What is required
Pick out each line below containing "percussion".

Collection entries:
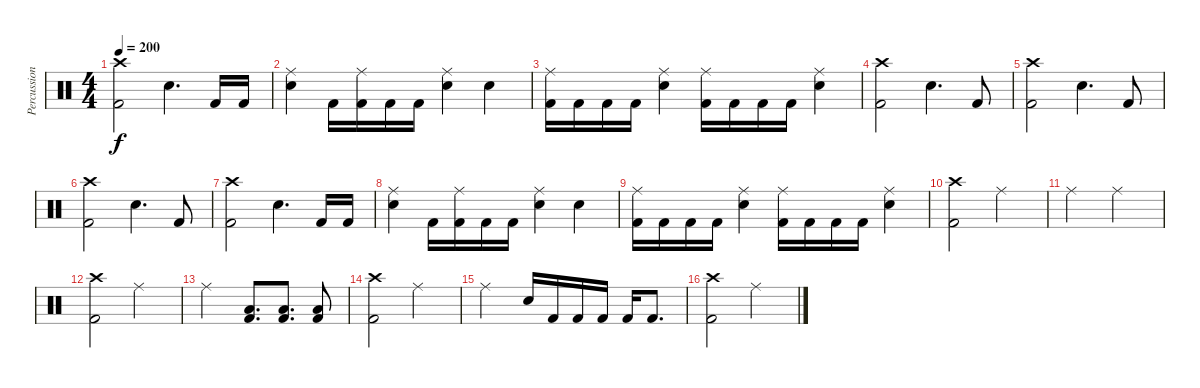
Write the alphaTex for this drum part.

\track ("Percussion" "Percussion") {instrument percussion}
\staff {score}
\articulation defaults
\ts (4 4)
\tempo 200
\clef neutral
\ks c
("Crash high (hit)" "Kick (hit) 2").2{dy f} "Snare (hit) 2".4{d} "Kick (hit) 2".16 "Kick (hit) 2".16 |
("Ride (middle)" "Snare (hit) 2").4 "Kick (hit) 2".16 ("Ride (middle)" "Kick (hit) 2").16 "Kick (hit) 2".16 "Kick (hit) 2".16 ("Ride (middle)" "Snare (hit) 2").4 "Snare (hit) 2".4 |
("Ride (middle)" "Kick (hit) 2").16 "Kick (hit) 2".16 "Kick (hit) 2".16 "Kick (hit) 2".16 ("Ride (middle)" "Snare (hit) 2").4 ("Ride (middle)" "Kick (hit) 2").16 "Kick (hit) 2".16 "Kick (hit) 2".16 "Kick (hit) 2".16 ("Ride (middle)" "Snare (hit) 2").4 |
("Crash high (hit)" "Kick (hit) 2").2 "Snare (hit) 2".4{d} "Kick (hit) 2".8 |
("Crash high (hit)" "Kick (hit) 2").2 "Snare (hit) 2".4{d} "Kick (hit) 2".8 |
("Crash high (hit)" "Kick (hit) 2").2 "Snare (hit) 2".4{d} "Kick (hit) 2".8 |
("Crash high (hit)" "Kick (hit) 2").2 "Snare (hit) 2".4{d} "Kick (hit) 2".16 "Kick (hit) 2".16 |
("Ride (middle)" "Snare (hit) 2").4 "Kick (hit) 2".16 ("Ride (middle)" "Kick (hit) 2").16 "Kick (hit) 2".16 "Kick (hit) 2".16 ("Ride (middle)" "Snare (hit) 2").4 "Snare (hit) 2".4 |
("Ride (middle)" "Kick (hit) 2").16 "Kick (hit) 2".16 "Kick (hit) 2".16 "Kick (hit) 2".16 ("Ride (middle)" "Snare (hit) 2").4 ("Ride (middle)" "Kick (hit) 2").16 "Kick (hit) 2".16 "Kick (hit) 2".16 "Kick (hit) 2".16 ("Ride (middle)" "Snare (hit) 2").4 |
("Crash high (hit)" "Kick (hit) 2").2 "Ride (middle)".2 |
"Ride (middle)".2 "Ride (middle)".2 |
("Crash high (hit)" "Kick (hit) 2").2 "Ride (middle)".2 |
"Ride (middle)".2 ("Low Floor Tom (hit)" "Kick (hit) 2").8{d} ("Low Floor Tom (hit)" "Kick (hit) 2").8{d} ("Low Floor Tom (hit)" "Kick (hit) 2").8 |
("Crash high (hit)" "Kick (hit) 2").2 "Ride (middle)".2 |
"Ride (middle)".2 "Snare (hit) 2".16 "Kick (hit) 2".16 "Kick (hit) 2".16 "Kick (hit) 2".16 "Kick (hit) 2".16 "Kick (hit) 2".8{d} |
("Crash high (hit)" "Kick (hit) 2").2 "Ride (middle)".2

* * *

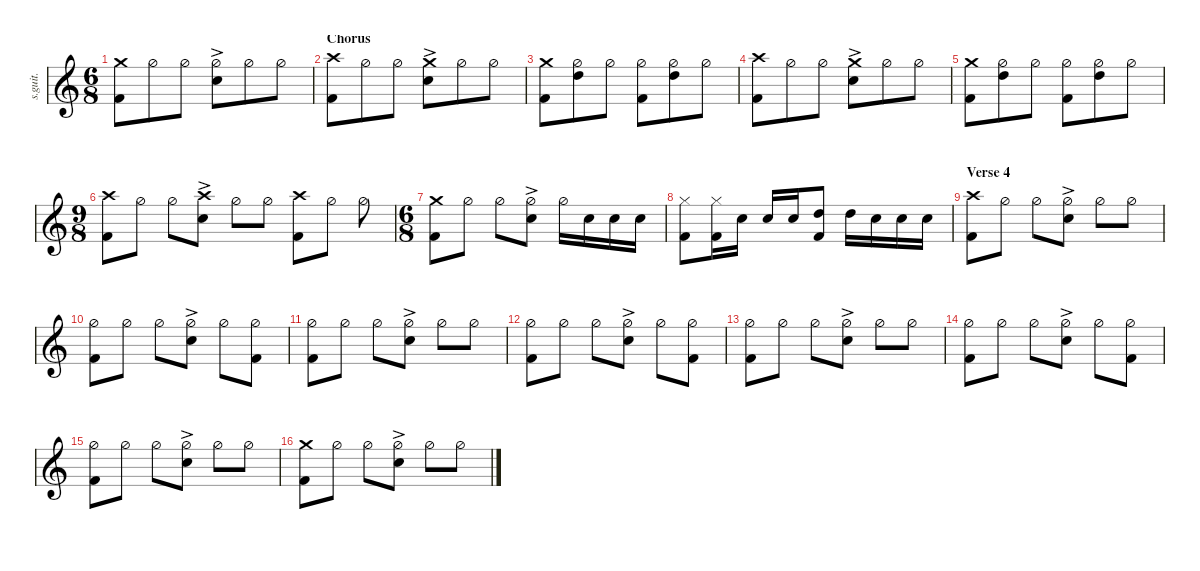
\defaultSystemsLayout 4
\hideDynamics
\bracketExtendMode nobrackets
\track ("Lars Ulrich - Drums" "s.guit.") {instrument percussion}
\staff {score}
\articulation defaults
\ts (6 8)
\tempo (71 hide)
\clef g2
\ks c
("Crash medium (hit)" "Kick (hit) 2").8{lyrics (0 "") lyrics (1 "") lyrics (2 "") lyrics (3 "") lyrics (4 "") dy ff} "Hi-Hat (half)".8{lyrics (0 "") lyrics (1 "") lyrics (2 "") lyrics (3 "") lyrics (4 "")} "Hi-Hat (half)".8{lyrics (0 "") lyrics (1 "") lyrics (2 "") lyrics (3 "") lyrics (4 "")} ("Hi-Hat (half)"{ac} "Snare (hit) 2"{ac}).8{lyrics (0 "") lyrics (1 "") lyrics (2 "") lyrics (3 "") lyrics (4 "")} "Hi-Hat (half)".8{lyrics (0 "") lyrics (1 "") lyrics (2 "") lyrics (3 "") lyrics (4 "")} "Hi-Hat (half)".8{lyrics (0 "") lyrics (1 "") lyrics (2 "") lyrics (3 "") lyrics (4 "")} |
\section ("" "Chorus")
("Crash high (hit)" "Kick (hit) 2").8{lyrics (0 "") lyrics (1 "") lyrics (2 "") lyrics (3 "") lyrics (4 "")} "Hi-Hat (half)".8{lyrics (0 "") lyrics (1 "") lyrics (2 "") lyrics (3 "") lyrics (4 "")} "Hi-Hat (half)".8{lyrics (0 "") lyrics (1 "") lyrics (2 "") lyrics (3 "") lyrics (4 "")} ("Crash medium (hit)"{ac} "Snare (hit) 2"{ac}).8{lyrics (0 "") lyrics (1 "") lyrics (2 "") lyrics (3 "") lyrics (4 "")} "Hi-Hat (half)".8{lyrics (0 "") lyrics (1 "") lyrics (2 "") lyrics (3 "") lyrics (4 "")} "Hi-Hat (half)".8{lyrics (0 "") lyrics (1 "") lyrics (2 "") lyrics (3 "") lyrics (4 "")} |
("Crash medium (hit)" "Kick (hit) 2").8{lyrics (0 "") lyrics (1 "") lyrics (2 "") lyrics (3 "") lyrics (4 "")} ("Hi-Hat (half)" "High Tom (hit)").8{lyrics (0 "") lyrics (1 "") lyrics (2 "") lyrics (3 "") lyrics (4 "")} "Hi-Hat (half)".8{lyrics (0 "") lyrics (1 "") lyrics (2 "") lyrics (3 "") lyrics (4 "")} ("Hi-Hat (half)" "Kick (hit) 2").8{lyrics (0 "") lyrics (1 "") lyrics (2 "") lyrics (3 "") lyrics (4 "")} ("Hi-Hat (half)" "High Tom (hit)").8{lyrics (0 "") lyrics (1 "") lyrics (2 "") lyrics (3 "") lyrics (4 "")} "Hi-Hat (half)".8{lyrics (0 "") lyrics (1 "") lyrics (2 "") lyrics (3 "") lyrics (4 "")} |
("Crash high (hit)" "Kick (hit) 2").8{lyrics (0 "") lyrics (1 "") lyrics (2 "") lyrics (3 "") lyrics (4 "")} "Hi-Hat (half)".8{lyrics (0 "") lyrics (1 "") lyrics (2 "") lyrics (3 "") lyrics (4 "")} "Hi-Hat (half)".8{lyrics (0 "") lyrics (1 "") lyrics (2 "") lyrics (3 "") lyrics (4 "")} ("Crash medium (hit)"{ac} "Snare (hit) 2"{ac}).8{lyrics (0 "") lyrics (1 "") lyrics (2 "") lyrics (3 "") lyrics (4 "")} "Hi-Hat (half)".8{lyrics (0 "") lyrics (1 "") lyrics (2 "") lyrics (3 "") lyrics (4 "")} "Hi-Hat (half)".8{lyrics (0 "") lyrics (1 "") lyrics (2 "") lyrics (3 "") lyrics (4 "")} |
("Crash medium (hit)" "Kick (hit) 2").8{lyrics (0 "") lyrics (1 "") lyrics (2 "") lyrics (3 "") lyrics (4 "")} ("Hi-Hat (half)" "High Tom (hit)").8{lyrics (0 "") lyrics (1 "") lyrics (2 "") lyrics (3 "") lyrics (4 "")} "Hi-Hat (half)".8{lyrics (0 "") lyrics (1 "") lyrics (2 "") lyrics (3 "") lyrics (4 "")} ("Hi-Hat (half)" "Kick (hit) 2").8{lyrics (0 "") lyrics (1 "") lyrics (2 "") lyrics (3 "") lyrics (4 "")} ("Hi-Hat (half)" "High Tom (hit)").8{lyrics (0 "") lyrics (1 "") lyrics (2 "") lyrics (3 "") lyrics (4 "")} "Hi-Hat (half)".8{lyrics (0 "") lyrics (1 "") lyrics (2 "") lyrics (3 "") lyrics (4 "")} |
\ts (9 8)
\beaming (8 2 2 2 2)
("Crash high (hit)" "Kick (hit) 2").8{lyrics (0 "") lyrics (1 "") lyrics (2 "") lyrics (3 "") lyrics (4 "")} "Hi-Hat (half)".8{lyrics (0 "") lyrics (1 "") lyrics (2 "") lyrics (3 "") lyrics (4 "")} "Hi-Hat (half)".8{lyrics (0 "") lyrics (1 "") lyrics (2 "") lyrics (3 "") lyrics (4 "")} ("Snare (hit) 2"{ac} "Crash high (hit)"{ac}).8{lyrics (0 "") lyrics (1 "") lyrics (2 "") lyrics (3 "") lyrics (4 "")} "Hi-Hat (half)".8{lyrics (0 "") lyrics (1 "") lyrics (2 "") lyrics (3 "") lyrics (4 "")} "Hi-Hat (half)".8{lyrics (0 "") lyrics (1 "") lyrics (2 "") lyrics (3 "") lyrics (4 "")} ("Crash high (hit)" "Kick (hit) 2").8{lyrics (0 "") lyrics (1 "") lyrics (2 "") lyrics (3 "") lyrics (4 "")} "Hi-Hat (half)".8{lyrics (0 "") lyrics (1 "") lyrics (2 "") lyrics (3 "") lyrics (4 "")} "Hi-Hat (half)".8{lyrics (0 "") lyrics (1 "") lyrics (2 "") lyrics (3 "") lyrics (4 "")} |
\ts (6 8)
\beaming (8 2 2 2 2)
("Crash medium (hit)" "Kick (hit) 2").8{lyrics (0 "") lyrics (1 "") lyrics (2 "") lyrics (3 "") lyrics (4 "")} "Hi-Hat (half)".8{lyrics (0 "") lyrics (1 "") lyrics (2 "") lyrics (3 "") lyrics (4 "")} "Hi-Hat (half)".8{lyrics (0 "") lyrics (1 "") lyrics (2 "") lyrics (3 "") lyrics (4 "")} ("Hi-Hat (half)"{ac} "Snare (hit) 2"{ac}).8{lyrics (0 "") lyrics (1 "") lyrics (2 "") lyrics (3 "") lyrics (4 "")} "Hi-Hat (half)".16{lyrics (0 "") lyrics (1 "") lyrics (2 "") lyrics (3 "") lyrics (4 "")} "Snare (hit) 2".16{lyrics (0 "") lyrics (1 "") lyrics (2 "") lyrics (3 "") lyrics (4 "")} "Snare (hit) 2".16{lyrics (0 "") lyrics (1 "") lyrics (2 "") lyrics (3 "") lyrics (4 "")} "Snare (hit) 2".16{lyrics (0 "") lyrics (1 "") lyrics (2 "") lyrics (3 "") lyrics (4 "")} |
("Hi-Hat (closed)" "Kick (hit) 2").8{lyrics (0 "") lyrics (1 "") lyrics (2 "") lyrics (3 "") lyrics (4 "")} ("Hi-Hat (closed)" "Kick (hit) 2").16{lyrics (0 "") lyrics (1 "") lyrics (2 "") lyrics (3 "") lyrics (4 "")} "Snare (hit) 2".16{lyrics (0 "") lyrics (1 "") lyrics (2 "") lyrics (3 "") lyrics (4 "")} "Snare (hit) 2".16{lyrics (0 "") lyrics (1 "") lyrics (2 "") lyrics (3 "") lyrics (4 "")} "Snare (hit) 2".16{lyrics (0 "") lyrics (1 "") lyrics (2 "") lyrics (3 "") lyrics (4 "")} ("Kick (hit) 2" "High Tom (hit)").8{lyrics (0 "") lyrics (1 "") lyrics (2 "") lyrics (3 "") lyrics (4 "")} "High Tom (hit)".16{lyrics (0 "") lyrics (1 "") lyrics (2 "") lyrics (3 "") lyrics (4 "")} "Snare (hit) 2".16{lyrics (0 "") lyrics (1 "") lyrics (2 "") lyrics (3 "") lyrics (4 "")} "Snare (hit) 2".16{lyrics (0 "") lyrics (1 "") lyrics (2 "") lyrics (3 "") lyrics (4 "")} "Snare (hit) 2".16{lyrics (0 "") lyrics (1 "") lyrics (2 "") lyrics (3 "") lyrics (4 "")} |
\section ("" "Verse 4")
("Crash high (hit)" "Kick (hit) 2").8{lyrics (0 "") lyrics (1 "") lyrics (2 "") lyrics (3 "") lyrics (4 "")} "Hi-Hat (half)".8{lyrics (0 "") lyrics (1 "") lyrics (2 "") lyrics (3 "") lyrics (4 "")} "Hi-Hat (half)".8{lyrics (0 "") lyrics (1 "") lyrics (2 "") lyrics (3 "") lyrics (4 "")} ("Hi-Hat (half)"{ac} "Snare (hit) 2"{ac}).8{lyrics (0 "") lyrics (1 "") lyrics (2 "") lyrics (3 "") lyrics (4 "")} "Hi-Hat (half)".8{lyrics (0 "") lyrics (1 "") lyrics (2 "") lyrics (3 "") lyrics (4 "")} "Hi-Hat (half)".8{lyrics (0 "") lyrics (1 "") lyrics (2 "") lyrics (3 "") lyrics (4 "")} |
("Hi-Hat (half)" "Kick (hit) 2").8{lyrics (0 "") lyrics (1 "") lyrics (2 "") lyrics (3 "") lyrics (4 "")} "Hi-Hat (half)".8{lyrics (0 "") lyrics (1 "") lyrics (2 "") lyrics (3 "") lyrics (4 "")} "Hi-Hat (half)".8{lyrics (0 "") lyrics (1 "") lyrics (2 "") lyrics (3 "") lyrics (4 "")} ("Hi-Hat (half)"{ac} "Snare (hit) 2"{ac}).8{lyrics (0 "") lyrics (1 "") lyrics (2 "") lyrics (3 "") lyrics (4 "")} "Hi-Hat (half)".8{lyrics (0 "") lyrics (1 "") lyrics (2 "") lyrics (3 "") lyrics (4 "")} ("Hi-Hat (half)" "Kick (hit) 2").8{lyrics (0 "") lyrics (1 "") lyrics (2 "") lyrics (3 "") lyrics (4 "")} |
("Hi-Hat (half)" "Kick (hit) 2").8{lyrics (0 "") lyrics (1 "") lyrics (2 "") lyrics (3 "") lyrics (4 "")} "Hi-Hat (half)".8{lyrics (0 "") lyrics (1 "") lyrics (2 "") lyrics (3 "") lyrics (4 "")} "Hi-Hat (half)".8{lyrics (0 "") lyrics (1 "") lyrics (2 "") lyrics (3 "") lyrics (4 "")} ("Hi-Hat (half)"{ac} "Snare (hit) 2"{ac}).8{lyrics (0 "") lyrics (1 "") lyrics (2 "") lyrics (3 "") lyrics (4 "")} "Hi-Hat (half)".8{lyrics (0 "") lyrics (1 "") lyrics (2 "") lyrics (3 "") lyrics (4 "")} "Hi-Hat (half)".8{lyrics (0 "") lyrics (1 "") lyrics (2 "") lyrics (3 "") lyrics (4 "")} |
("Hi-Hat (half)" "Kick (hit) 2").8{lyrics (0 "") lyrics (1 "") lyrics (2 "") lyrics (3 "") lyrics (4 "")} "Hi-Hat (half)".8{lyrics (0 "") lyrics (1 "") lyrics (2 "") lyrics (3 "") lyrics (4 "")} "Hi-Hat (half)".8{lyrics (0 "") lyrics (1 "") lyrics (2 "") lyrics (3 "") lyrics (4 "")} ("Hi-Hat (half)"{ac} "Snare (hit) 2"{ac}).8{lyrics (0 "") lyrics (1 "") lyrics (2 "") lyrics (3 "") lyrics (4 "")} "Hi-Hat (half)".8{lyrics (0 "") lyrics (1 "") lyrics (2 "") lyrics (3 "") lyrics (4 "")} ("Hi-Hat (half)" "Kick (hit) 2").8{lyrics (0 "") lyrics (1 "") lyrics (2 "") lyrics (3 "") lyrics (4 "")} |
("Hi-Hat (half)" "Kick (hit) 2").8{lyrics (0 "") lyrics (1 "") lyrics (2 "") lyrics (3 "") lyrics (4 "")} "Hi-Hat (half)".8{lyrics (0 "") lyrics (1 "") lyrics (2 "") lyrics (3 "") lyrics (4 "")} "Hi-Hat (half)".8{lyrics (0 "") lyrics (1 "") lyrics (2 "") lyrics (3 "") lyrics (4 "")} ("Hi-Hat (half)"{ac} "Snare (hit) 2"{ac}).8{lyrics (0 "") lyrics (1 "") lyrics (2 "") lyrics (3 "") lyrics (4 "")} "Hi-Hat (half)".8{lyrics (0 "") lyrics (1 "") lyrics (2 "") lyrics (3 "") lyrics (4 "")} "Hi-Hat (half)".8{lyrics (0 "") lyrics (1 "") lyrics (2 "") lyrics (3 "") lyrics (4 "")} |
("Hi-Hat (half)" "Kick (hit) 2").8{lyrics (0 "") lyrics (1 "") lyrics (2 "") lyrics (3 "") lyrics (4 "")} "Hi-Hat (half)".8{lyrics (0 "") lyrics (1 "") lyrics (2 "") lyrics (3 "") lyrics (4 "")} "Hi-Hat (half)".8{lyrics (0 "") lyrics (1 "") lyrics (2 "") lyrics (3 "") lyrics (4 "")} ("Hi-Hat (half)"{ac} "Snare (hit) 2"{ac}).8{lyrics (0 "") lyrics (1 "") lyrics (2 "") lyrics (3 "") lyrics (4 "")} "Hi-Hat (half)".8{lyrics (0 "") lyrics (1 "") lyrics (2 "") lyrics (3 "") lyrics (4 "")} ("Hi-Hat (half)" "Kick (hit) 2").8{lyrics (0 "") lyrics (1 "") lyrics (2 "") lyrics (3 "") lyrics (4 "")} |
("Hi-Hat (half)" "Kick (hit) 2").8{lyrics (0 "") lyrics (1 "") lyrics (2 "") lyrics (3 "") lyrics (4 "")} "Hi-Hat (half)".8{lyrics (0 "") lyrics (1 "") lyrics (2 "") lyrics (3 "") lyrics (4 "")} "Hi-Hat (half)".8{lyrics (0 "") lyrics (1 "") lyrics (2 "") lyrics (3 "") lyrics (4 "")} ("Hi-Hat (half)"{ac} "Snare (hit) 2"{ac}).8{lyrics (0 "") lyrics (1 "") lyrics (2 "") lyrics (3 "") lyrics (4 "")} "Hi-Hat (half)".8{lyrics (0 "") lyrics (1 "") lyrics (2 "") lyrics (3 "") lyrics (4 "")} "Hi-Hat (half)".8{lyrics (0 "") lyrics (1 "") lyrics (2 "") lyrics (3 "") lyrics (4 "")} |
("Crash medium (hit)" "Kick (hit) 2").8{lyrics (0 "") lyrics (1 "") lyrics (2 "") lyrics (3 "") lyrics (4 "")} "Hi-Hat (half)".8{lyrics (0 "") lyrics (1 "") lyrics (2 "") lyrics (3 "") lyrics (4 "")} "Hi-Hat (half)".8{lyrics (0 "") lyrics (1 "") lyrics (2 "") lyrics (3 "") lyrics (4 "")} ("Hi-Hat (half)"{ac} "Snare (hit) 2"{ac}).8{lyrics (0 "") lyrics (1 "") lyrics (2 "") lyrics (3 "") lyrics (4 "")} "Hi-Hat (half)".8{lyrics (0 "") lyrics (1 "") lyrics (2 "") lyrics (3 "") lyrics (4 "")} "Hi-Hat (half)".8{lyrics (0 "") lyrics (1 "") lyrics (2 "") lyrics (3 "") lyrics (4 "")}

Solution for this problem
\track ("Percussion" "Percussion") {instrument percussion}
\track ("Lars Ulrich - Drums" "s.guit.") {instrument percussion}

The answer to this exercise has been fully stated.